Why DeFi is a central part of the cause of the crypto crisis

DeFi was an essential part of the operations that led to the FTX bankruptcy.

This happened in the following way: FTX issued the token FTT, the sister company Alameda Research held a good 80 percent of it, the Binance exchange another 10-15 percent. The token was completely illiquid, the price was pure imagination.

No bank or central lender would have accepted FTT as collateral for a loan. Never! But FTX managed to use the tokens in the DeFi ecosystem as such to raise loans. This was made possible because FTX accumulated the governance tokens that such platforms like to issue, and manipulated the vote on whether to allow FTT as collateral in its own favor.

Without DeFis, the FTT tokens would probably have been just worthless shitcoins. DeFi has made it possible to extract toxic liquidity from them. The same probably happened with other illiquid, highly manipulable tokens. And this was probably – this is still somewhat speculative – the cause of the crisis that ultimately drove FTX into bankruptcy.

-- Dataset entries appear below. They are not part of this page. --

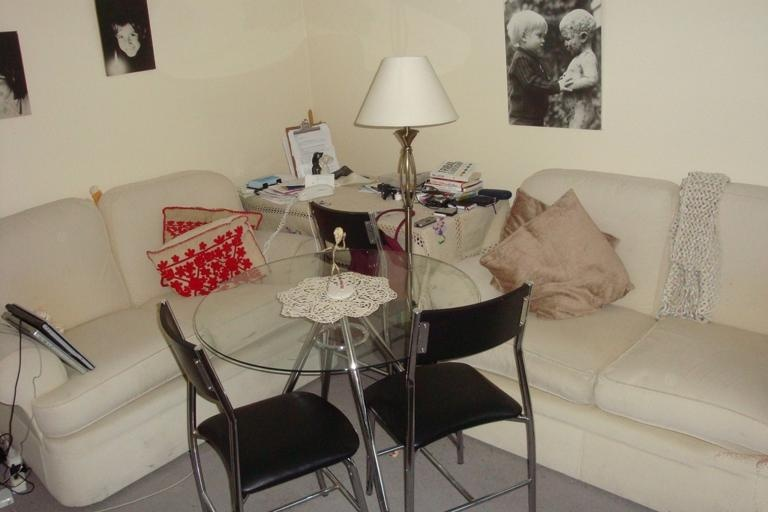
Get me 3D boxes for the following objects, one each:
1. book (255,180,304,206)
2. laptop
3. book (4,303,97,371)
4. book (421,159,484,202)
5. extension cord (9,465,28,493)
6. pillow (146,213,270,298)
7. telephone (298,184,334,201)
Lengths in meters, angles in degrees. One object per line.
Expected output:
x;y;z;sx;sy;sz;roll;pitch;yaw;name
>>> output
-0.741;-0.455;4.144;0.223;0.059;0.239;14;31;29;book
-1.653;0.444;2.909;0.336;0.343;0.080;24;69;24;laptop
-1.649;0.431;2.954;0.351;0.363;0.084;26;68;28;book
0.470;-0.514;3.829;0.291;0.134;0.285;-3;23;9;book
-1.947;1.191;3.059;0.074;0.119;0.117;-15;40;-34;extension cord
-1.085;-0.013;3.604;0.639;0.468;0.211;-27;17;-16;pillow
-0.479;-0.456;4.094;0.175;0.058;0.134;-16;20;-39;telephone
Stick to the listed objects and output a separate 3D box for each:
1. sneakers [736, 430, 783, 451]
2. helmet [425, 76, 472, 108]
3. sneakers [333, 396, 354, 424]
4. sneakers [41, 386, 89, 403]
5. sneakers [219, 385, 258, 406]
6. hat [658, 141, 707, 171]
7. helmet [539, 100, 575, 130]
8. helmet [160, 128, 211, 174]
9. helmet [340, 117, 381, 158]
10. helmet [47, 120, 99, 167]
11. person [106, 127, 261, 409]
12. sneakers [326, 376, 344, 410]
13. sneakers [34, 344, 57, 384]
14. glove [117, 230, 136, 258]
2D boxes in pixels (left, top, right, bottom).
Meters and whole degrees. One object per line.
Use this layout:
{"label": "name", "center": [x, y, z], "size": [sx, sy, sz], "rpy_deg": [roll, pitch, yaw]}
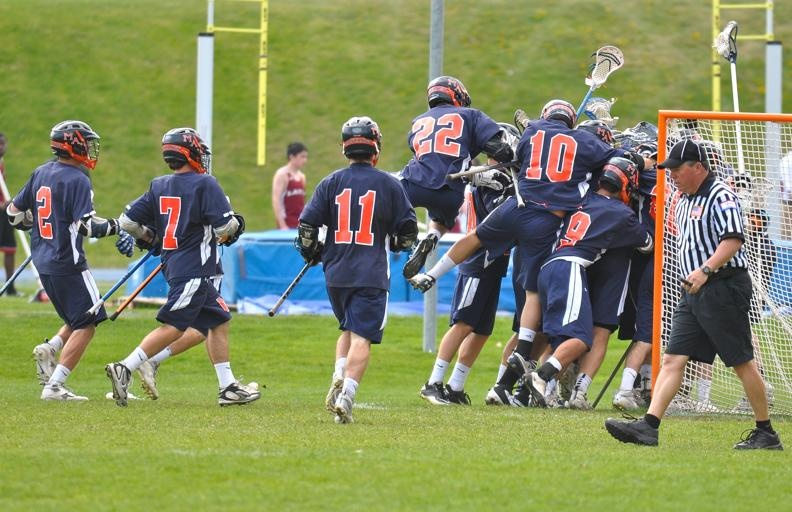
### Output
{"label": "sneakers", "center": [3.768, 1.924, 13.523], "size": [0.573, 0.214, 0.201], "rpy_deg": [2, -8, -6]}
{"label": "helmet", "center": [0.632, -2.027, 16.122], "size": [0.491, 0.413, 0.364], "rpy_deg": [-4, 2, -32]}
{"label": "sneakers", "center": [-0.566, 1.654, 14.072], "size": [0.146, 0.172, 0.352], "rpy_deg": [12, -34, 19]}
{"label": "sneakers", "center": [-3.813, 1.596, 15.156], "size": [0.609, 0.230, 0.199], "rpy_deg": [2, 2, -8]}
{"label": "sneakers", "center": [-1.851, 1.592, 15.096], "size": [0.560, 0.274, 0.190], "rpy_deg": [-4, 12, -7]}
{"label": "hat", "center": [2.999, -1.062, 13.633], "size": [0.431, 0.233, 0.267], "rpy_deg": [0, 7, -3]}
{"label": "helmet", "center": [1.955, -1.725, 15.529], "size": [0.328, 0.381, 0.371], "rpy_deg": [24, 24, -3]}
{"label": "helmet", "center": [-2.481, -1.244, 15.162], "size": [0.589, 0.501, 0.459], "rpy_deg": [-9, 9, -42]}
{"label": "helmet", "center": [-0.354, -1.314, 14.508], "size": [0.382, 0.446, 0.482], "rpy_deg": [1, 8, 5]}
{"label": "helmet", "center": [-3.827, -1.337, 15.534], "size": [0.621, 0.542, 0.473], "rpy_deg": [-7, 12, -30]}
{"label": "person", "center": [-2.488, 0.112, 14.971], "size": [1.406, 3.132, 0.798], "rpy_deg": [1, 7, -7]}
{"label": "sneakers", "center": [-0.701, 1.520, 14.385], "size": [0.150, 0.395, 0.185], "rpy_deg": [19, -11, 13]}
{"label": "sneakers", "center": [-4.215, 1.260, 15.486], "size": [0.206, 0.525, 0.272], "rpy_deg": [0, 5, 10]}
{"label": "glove", "center": [-3.215, -0.165, 15.222], "size": [0.289, 0.280, 0.086], "rpy_deg": [33, -21, -36]}
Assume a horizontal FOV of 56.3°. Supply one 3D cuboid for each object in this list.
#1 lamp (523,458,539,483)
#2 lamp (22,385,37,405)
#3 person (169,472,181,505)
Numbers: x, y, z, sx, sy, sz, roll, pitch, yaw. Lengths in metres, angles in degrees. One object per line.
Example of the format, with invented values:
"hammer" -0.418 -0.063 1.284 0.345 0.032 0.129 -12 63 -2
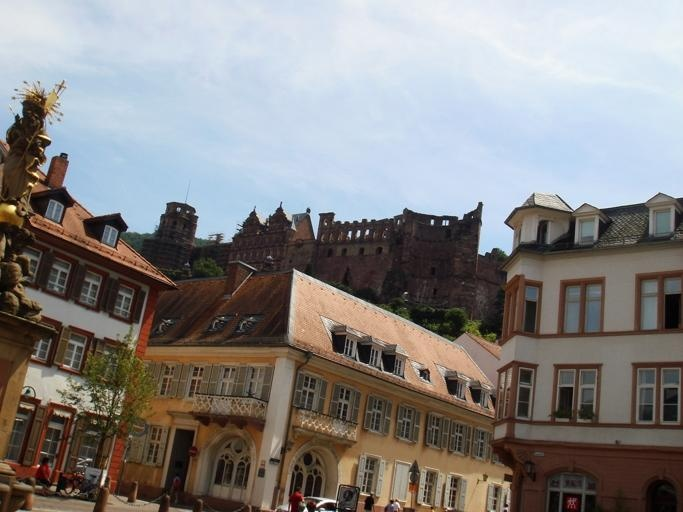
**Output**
"lamp" 7.394 8.391 24.830 0.459 0.704 1.087 0 -25 20
"lamp" -13.766 6.117 28.066 0.270 0.767 0.747 -2 -25 25
"person" -8.856 12.542 33.956 0.509 1.338 1.436 13 -23 -10
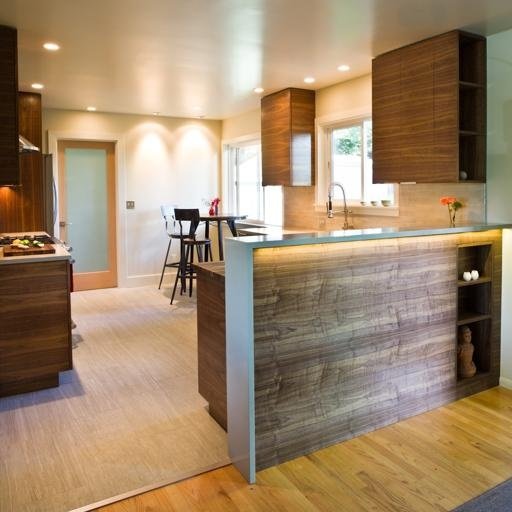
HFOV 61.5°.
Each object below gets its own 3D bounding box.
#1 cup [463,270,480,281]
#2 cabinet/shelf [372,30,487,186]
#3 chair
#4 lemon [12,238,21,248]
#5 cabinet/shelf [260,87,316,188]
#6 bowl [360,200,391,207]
[{"bbox_3d":[1.429,0.131,2.878,0.066,0.056,0.102,-3,-4,3],"label":"cup"},{"bbox_3d":[1.288,-1.102,3.142,0.347,1.181,0.976,-3,6,-22],"label":"cabinet/shelf"},{"bbox_3d":[-0.901,-0.087,6.037,0.960,1.198,1.556,-3,8,-15],"label":"chair"},{"bbox_3d":[-2.018,-0.110,3.625,0.098,0.058,0.096,8,-10,-35],"label":"lemon"},{"bbox_3d":[0.332,-1.310,4.805,0.619,1.044,0.413,1,8,16],"label":"cabinet/shelf"},{"bbox_3d":[1.125,-0.501,4.091,0.110,0.061,0.372,-3,8,-18],"label":"bowl"}]
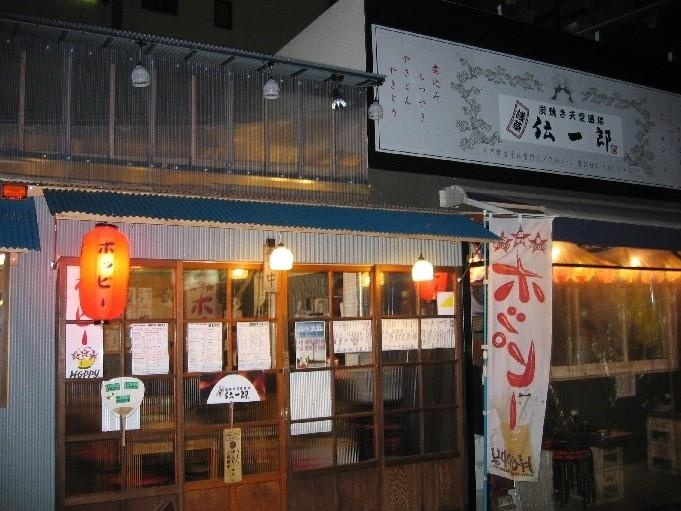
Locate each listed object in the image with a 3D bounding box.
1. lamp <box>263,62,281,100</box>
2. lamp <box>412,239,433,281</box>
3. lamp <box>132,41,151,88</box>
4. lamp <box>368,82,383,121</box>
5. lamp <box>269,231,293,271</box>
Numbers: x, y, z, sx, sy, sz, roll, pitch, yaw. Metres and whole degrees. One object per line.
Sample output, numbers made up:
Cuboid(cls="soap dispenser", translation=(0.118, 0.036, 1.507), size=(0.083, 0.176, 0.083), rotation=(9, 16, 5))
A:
Cuboid(cls="lamp", translation=(-0.927, -2.325, 11.762), size=(0.228, 0.481, 0.478), rotation=(1, -1, -5))
Cuboid(cls="lamp", translation=(1.183, 0.192, 12.474), size=(0.318, 0.446, 0.474), rotation=(0, -1, 6))
Cuboid(cls="lamp", translation=(-2.558, -2.424, 11.159), size=(0.256, 0.557, 0.408), rotation=(1, -1, -14))
Cuboid(cls="lamp", translation=(0.492, -2.152, 12.294), size=(0.206, 0.502, 0.398), rotation=(1, -1, 1))
Cuboid(cls="lamp", translation=(-0.811, -0.012, 11.482), size=(0.327, 0.647, 0.336), rotation=(5, -9, -31))
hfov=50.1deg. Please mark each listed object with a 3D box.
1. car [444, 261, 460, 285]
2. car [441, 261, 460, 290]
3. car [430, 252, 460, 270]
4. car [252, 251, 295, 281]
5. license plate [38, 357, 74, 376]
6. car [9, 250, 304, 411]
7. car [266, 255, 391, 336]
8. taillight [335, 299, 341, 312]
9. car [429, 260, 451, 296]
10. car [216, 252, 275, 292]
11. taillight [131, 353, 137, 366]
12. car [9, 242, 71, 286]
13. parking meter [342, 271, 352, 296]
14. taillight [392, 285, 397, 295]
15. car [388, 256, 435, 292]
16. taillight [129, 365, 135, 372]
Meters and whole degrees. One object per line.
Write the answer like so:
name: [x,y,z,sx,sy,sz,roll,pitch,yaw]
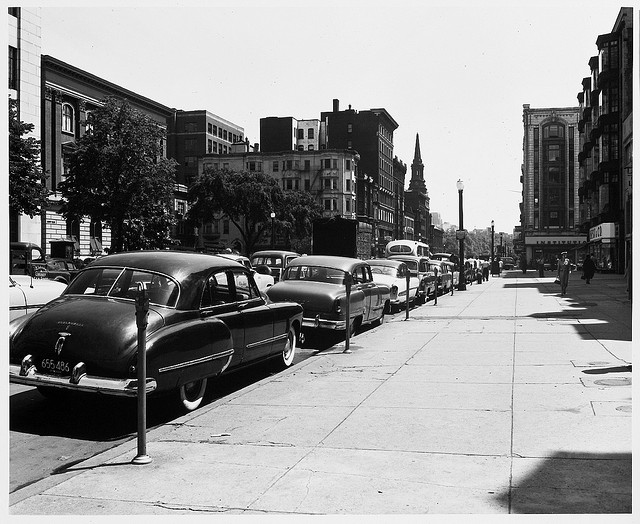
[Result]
car: [7.328,0.622,36.755,0.961,0.958,1.798,1,6,25]
car: [7.326,0.638,36.882,1.025,0.991,1.841,1,6,30]
car: [7.115,-0.059,38.927,1.151,1.098,2.117,3,6,32]
car: [-1.683,0.189,22.593,0.864,0.868,1.630,1,5,18]
license plate: [-2.949,1.178,7.757,0.490,0.149,0.039,-1,1,24]
car: [-2.044,0.839,9.183,1.799,2.016,3.651,-1,1,24]
car: [0.382,0.648,15.184,1.391,1.107,2.569,3,3,23]
taillight: [0.389,0.882,13.962,0.068,0.236,0.184,-1,1,32]
car: [5.519,0.666,30.873,0.851,0.995,2.409,-2,-3,18]
car: [-2.134,0.216,19.940,1.144,1.091,2.122,3,5,28]
taillight: [-2.025,1.100,7.674,0.071,0.154,0.081,-4,-13,32]
car: [-9.490,0.034,23.593,1.490,1.406,2.318,4,3,17]
parking meter: [0.580,0.424,12.662,0.139,0.401,0.279,2,6,-29]
taillight: [2.278,0.847,20.621,0.068,0.247,0.259,-1,1,30]
car: [3.675,0.383,26.034,1.113,0.964,1.917,0,3,21]
taillight: [-2.051,1.181,7.573,0.040,0.065,0.016,5,-4,-5]
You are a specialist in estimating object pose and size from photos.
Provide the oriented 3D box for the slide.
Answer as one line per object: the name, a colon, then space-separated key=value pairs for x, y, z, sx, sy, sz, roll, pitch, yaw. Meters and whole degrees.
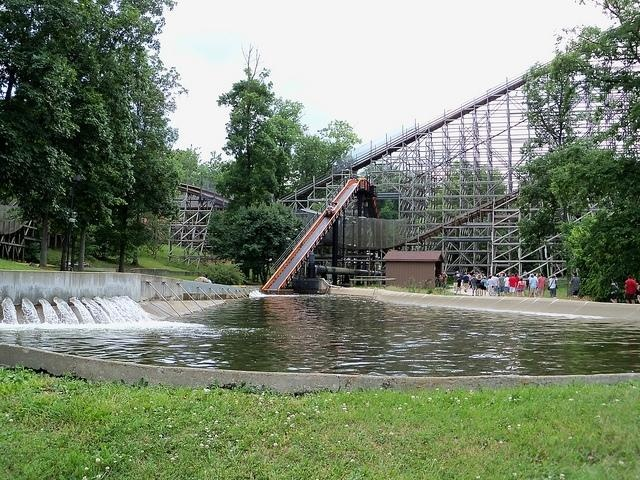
slide: x=-0.173 y=-0.854 z=51.745 sx=2.195 sy=8.669 sz=15.331 roll=2 pitch=1 yaw=19
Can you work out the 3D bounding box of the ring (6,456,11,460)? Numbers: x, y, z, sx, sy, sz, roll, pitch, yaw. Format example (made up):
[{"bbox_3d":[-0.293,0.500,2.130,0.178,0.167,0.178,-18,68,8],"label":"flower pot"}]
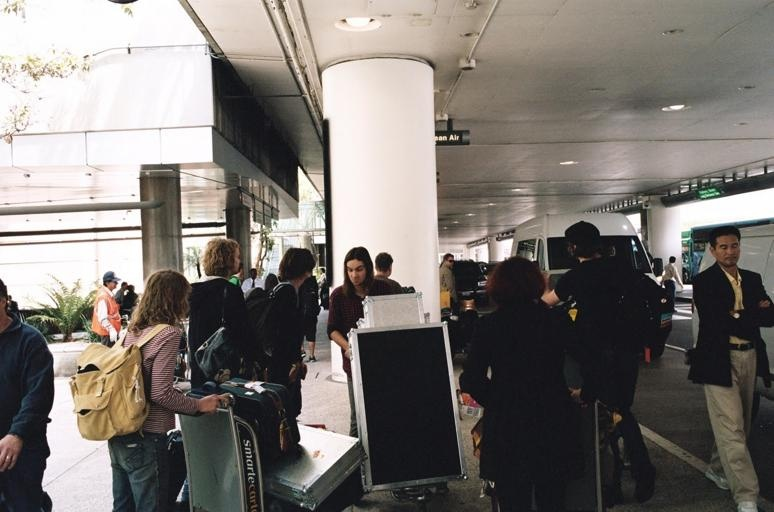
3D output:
[{"bbox_3d":[-3.667,1.942,6.007,0.039,0.026,0.013,11,5,-29],"label":"ring"}]

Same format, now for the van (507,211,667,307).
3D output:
[{"bbox_3d":[4.503,-0.295,14.981,2.195,1.859,3.925,-1,-5,-3],"label":"van"}]

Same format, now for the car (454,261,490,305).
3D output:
[{"bbox_3d":[2.863,0.838,21.449,1.167,0.858,2.436,-1,-5,2],"label":"car"}]

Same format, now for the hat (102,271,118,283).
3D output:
[{"bbox_3d":[-5.817,0.438,13.036,0.303,0.162,0.201,-3,6,-16],"label":"hat"}]

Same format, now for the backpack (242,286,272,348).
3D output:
[{"bbox_3d":[-1.521,0.699,7.289,0.417,0.549,0.213,5,0,31],"label":"backpack"}]

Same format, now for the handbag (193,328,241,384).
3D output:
[{"bbox_3d":[-1.818,1.051,6.679,0.462,0.421,0.249,-40,-1,21],"label":"handbag"}]

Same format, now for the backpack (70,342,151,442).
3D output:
[{"bbox_3d":[-2.737,1.328,6.088,0.745,0.944,0.245,-1,-3,9],"label":"backpack"}]

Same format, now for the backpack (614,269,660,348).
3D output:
[{"bbox_3d":[2.868,0.582,7.107,0.661,0.860,0.238,-2,-2,-11],"label":"backpack"}]

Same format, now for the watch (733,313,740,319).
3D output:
[{"bbox_3d":[4.143,0.701,7.365,0.070,0.066,0.018,2,-1,20],"label":"watch"}]
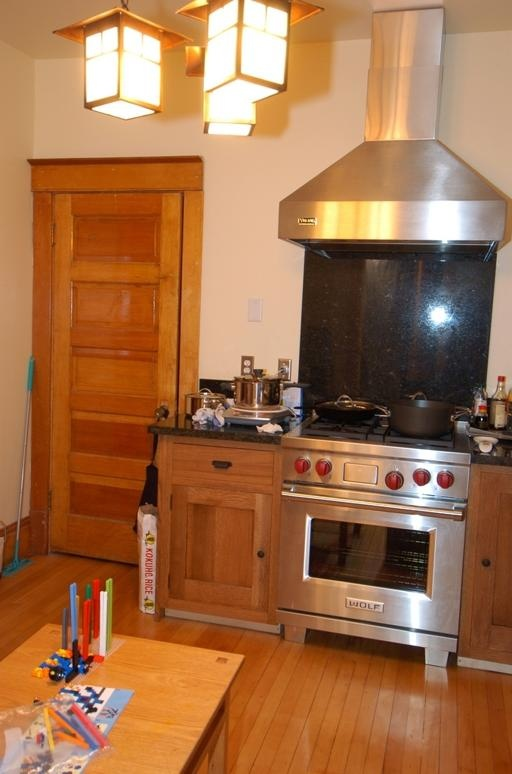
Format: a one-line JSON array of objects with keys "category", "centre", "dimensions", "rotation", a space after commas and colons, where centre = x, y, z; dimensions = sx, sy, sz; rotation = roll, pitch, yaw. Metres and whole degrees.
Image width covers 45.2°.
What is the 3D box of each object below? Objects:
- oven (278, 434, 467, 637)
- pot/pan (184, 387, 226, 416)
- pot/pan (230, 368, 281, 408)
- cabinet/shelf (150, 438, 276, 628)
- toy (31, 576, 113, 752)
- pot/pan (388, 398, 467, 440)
[{"category": "oven", "centre": [0.486, 0.597, 2.502], "dimensions": [0.729, 0.743, 0.553], "rotation": [3, -3, 15]}, {"category": "pot/pan", "centre": [-0.237, 0.067, 2.787], "dimensions": [0.133, 0.079, 0.115], "rotation": [5, 7, 40]}, {"category": "pot/pan", "centre": [0.009, 0.010, 2.606], "dimensions": [0.178, 0.133, 0.163], "rotation": [1, 0, 2]}, {"category": "cabinet/shelf", "centre": [-0.120, 0.559, 2.667], "dimensions": [0.480, 0.765, 0.389], "rotation": [3, 8, 3]}, {"category": "toy", "centre": [-0.341, 0.530, 1.201], "dimensions": [0.104, 0.124, 0.341], "rotation": [3, 1, 1]}, {"category": "pot/pan", "centre": [0.619, 0.123, 2.411], "dimensions": [0.209, 0.082, 0.198], "rotation": [-1, 9, -8]}]
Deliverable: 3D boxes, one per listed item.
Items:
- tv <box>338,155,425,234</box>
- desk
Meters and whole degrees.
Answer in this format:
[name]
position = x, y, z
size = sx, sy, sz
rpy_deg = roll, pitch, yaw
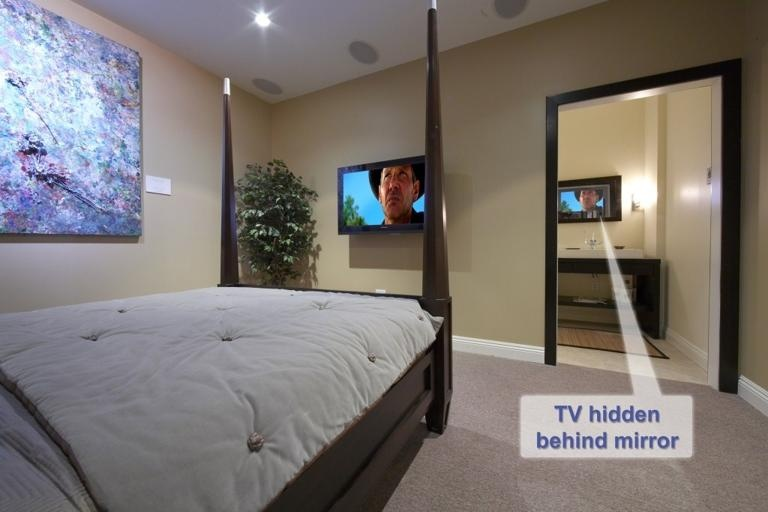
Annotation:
[tv]
position = 0.001, -0.645, 4.979
size = 0.846, 0.665, 0.091
rpy_deg = -1, -1, 29
[desk]
position = 2.719, 0.520, 5.913
size = 1.408, 1.180, 1.323
rpy_deg = 0, 9, 35

In short: The unregulated – and arguably unregulated – nature of DeFis makes it very difficult to prevent constructions that introduce systematic risks.

Actually you should know this. Because the crisis surrounding Celius, 3 Arrows and Terra was triggered by screwed up DeFi constructs: the Terra dollar and the incredibly high interest rates for it.

A (poor) solution to self-created problems

DeFi may, in theory, be a solution. The autonomy and transparency that decentralized exchanges and lending platforms create can – and will! – make the future of finance much better. At some point one will think back with horror to a barbaric time before DeFi.

But at the moment one has to come to a sobering conclusion: DeFi at best solves the problems that it helped to cause itself – in a way that eliminates fiduciary risks, but exposes users to a presumably greater risk of hacks.

That may change in the future. Hopefully. But for now it is what it is.